When you set up real-time replication with SDI, you have the choice between trigger and log-based replication. I won’t go into all the pro’s and con’s of the two techniques, but in my case the choice is simple. My source database is a cloud-based MSSQL database, which does not allow access to the log files. So, trigger-based replication it is.
- A MSSQL database (this tutorial uses an AWS Cloud DB);
- An SAP HANA database (this tutorial uses SAP HANA Cloud);
- The SAP SDI Data Provisioning Agent (this tutorial uses version 22.214.171.124);
- Connection set up between HANA and the SDI Data Provisioning Agent;
- A driver for MSSQL, for SDI to connect (this tutorial uses mssql-jdbc-8.4.1.jre8.jar) which should be stored in the ./lib directory of the data provisioning agent;
- Registration of the MSSQL adapter using the DP Agent client;
- A database client for MSSQL, I used DBeaver.
Prep MSSQL database
For this tutorial, a Microsoft SQL Server Express Edition database was created using the AWS Relational Database Service.
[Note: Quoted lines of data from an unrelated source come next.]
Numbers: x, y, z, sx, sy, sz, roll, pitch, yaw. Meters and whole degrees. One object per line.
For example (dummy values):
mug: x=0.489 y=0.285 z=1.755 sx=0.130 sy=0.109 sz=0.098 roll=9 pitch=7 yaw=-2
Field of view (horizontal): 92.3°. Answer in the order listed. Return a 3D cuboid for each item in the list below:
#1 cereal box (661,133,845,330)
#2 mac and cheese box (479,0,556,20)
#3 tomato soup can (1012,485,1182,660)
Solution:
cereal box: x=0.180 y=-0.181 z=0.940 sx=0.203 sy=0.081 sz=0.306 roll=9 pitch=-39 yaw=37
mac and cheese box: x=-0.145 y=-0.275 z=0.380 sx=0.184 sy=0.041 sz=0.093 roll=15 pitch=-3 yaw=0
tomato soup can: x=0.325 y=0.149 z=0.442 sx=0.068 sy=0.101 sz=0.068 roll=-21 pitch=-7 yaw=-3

The database version is the latest available 14.* version and is sized as a db.t3.small. Anything smaller would even make the creation of a simple table a slow process.
Below, a rundown of how you CAN configure your MSSQL database for trigger-based replication with SDI. I’m saying “CAN”, not “MUST” as the way that I’m creating a user and a schema might not be an MSSQL best practise. I do refer to the SAP Help pages with the requirements for the SDI technical user, so at the least follow those instructions.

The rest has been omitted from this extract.